Below are records; copy exactly the line containing "text Kennisgeving besluit" and every line after it, through the last.

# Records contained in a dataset
::::::::

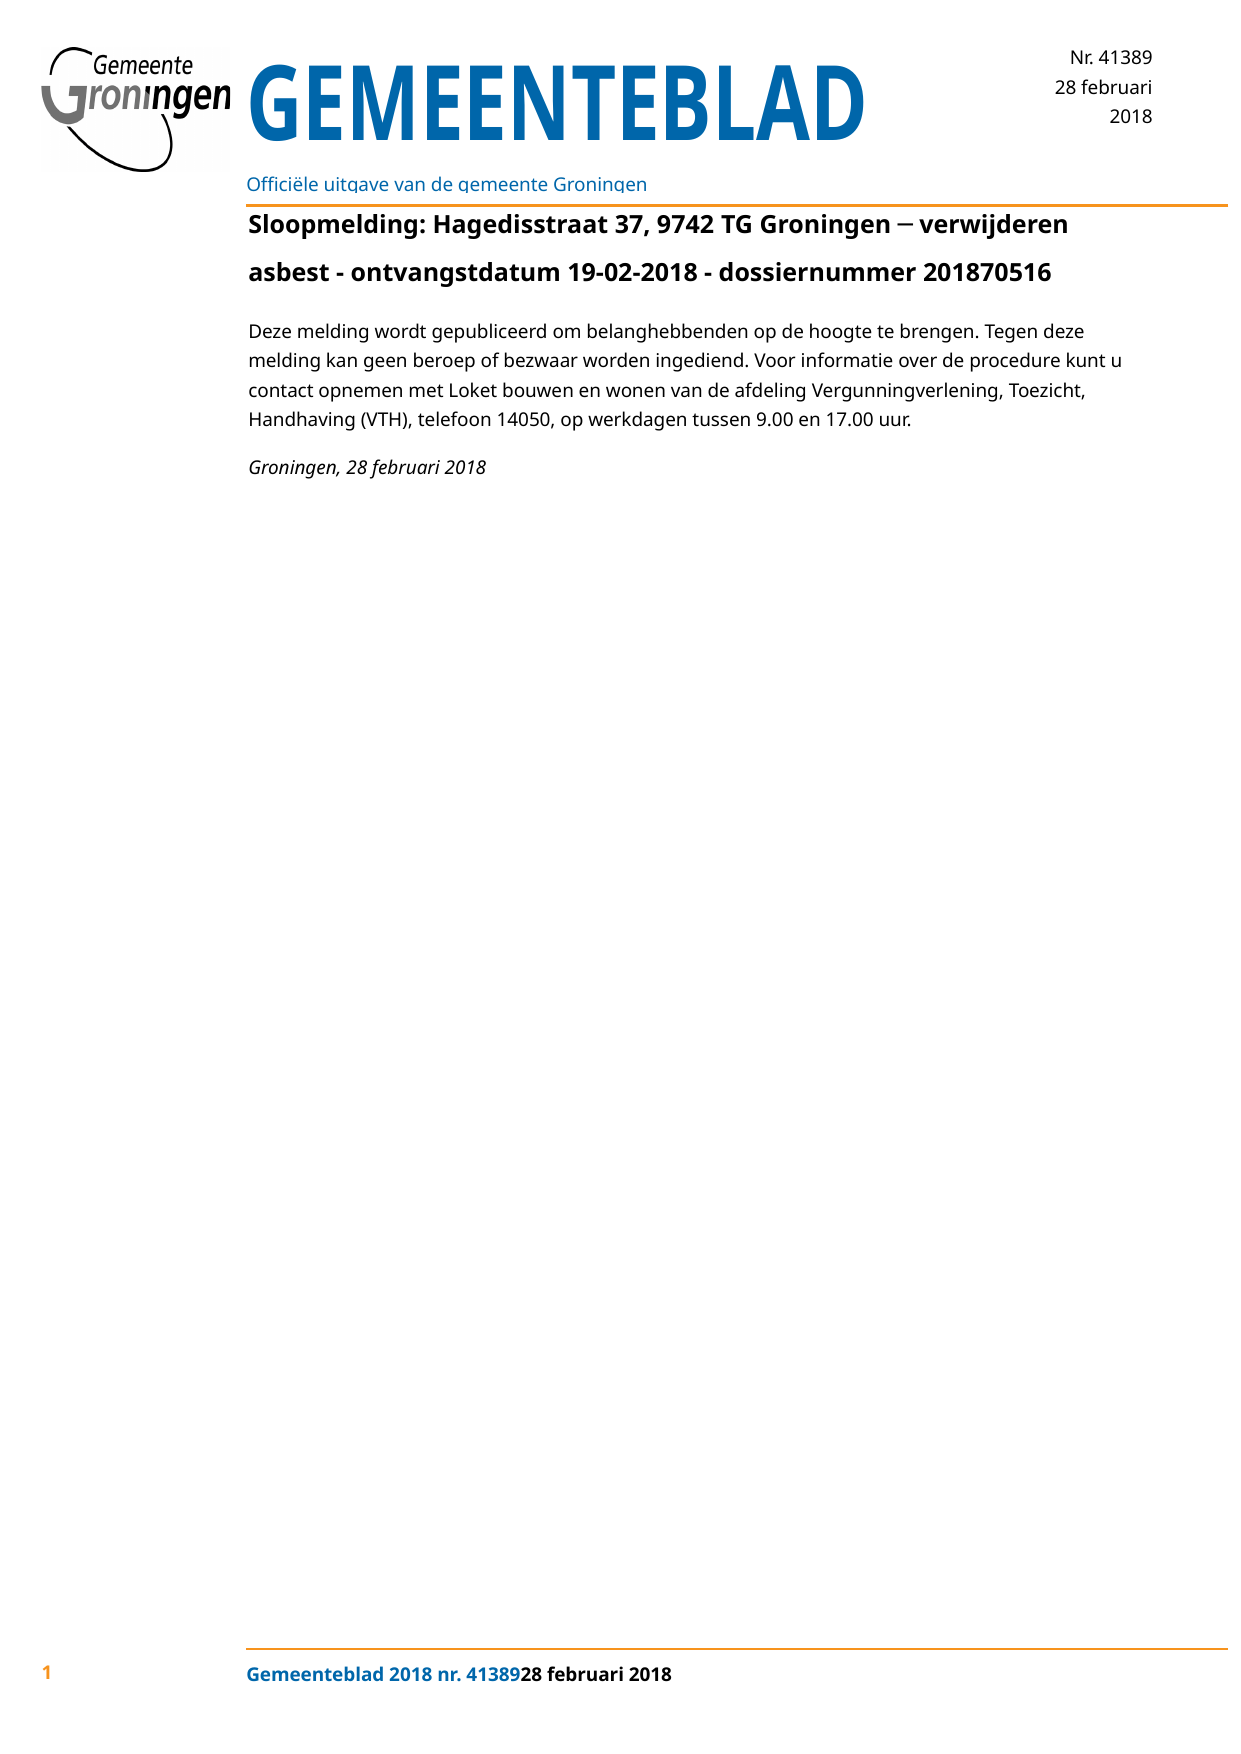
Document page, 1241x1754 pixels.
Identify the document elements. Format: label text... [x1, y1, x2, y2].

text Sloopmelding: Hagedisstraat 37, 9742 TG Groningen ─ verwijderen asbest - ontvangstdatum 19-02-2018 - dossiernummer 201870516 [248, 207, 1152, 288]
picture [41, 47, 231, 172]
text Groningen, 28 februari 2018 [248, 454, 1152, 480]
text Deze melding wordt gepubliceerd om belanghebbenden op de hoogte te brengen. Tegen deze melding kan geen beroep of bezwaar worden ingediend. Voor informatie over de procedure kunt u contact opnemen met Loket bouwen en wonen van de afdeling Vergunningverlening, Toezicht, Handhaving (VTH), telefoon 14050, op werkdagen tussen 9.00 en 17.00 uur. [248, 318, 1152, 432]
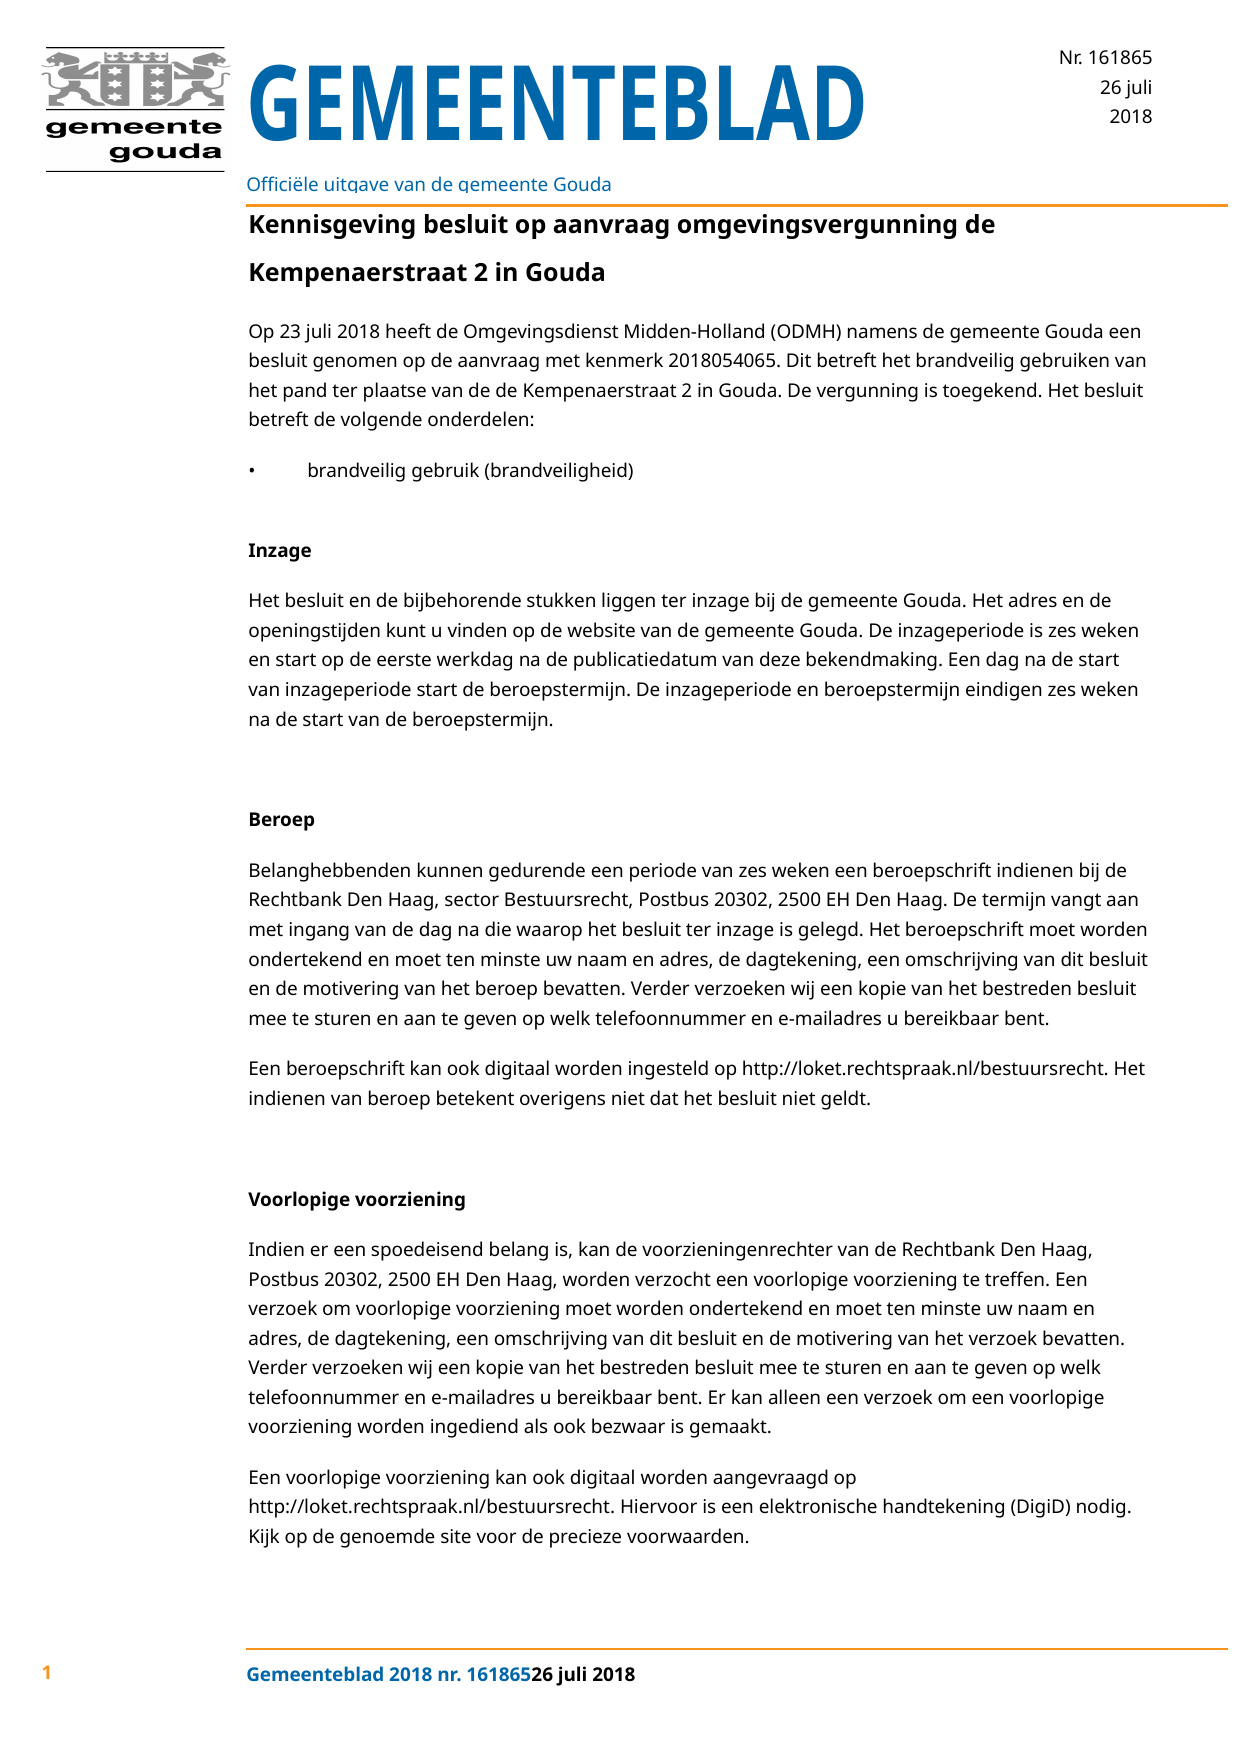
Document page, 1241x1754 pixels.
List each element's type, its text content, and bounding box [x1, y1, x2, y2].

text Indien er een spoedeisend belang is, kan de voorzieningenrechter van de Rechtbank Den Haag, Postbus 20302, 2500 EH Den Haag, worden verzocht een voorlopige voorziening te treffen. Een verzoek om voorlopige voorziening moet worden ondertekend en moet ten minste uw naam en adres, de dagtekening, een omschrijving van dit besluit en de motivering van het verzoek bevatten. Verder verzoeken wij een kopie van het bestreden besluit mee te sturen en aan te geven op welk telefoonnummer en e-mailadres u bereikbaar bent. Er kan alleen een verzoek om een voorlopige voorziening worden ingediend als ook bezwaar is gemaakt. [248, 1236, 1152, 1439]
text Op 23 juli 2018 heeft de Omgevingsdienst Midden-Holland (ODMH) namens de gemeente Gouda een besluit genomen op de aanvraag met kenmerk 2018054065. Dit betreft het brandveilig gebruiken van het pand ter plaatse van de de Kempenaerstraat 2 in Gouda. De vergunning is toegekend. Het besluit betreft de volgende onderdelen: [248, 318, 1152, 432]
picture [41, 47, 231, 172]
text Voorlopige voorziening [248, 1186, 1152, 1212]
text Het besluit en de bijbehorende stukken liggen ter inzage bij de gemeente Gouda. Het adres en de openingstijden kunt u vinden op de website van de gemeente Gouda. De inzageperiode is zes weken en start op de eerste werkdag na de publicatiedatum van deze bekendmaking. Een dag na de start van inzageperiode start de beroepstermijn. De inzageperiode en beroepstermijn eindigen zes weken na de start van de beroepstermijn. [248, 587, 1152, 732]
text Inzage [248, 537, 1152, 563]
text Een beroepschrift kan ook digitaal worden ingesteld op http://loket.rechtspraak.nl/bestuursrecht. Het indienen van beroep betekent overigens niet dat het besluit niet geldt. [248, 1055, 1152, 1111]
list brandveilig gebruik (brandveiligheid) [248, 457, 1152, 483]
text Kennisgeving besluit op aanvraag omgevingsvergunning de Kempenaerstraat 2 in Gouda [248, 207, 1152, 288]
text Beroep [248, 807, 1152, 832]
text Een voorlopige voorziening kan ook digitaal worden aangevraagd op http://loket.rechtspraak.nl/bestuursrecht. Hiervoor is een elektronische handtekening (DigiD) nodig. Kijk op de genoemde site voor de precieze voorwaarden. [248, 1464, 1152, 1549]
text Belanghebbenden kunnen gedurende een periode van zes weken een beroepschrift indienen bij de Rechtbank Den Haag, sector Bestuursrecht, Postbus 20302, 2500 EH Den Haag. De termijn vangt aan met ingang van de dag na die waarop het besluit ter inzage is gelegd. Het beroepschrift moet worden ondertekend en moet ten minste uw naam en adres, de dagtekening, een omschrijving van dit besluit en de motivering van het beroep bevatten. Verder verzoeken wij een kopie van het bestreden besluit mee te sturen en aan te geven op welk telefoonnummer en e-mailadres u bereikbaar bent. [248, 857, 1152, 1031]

::::::::

# Answer for this exercise
text Kennisgeving besluit op aanvraag omgevingsvergunning de Kempenaerstraat 2 in Gouda [248, 207, 1152, 288]
text Beroep [248, 807, 1152, 832]
text Een voorlopige voorziening kan ook digitaal worden aangevraagd op http://loket.rechtspraak.nl/bestuursrecht. Hiervoor is een elektronische handtekening (DigiD) nodig. Kijk op de genoemde site voor de precieze voorwaarden. [248, 1464, 1152, 1549]
text Belanghebbenden kunnen gedurende een periode van zes weken een beroepschrift indienen bij de Rechtbank Den Haag, sector Bestuursrecht, Postbus 20302, 2500 EH Den Haag. De termijn vangt aan met ingang van de dag na die waarop het besluit ter inzage is gelegd. Het beroepschrift moet worden ondertekend en moet ten minste uw naam en adres, de dagtekening, een omschrijving van dit besluit en de motivering van het beroep bevatten. Verder verzoeken wij een kopie van het bestreden besluit mee te sturen en aan te geven op welk telefoonnummer en e-mailadres u bereikbaar bent. [248, 857, 1152, 1031]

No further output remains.